Brind’Amour is the first to do so.

“We’re starting to see cracks in the fortress, and that’s how the light gets in,” St-Onge said Saturday in Niagara Falls, Ont., where she met with provincial and territorial sports leaders on the eve of the Canada Games.

“Canadians have sent a clear message to Hockey Canada that real leadership change is needed and this is at all levels within the organization.

“I agree also with Michael Brind’Amour’s statement today . . . that there is no need to wait for a new era and immediate action is essential.

“I still believe, as many do, that more diversity is needed to address the culture of silence and toxic masculinity within the organization and the sport.”

Brind’Amour’s resignation also follows Hockey Canada’s appointment Thursday of former Canadian Supreme Court judge Thomas Cromwell to review the governance of the country’s governing body of hockey.

The review is expected to provide interim recommendations before Hockey Canada’s annual general meeting in November.

Brind’Amour said he leaves confident that Cromwell taking on that work “will help us make the changes that are needed. I am confident the recommendations will guide the organization into a future of desired change.”

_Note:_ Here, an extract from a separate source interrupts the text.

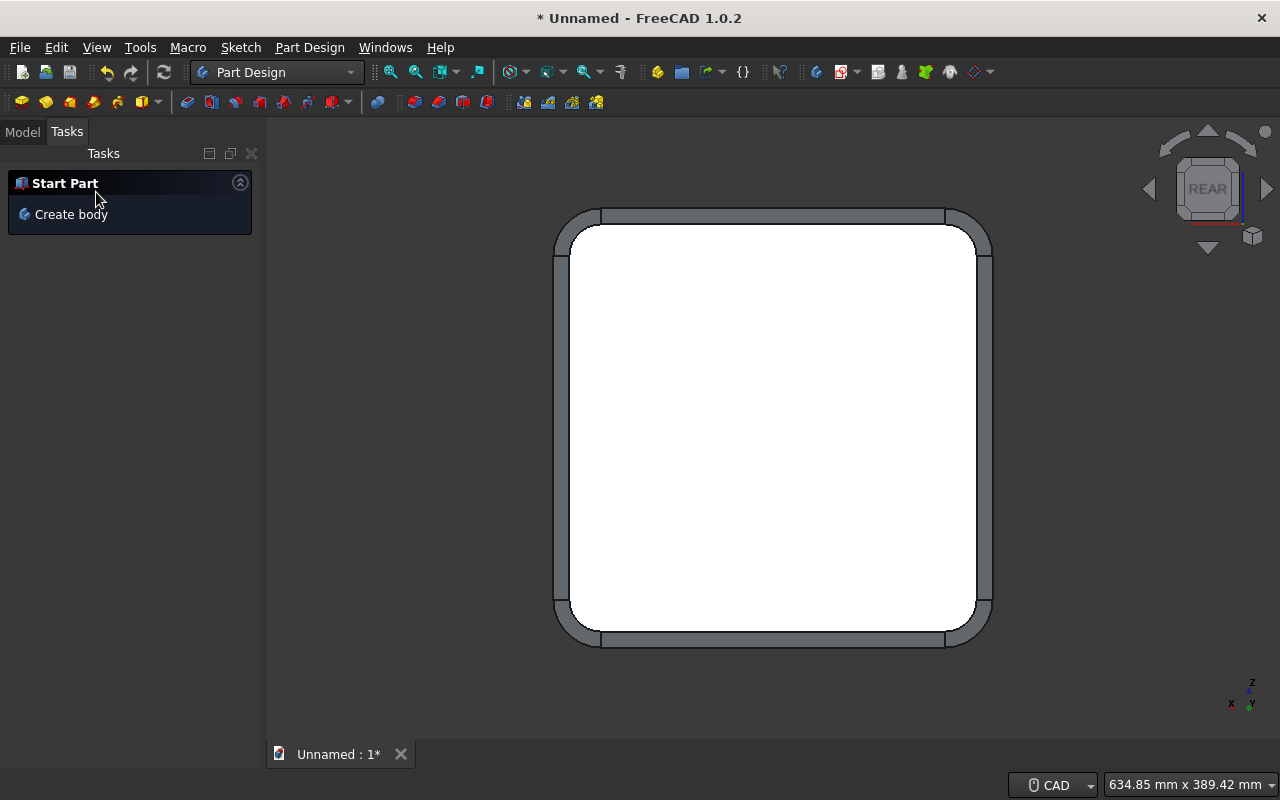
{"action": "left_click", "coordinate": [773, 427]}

Also, Canada’s 13 provincial hockey federations requested earlier this week an “extraordinary meeting” with the embattled national body.

Led by Hockey Quebec, the 10 provincial and three territorial associations want more information on the handling of the sexual assault allegations.

Hockey Canada had maintained a fund drawing on minor hockey membership fees to pay for uninsured liabilities, including sexual abuse claims.

The organization has stated it will no longer use its “national equity fund” to settle sexual assault claims.

The provincial and territorial hockey associations have threatened to withhold payment without answers.

“It’s not my job to speak on behalf of the Ontario Hockey Federation,” Ontario minister of tourism, culture and sport Neil Lumsden said at Saturday’s news conference.

“But it is as (St-Onge) said, it is our jobs to eliminate unacceptable behaviour of any kind in sport. Our job, and as we’ve spent a lot of time talking about, is to find ways to do that and to do it in the right way.”

Hockey Canada’s board of directors will meet in the coming days to determine next steps following Brind’Amour’s resignation, and appoint an interim chair, the organization said in its statement.

The next board election is scheduled for November’s annual general meeting.

“The board needs to reassess whether the people that are on the directors board are the right people to implement that change,” St-Onge said.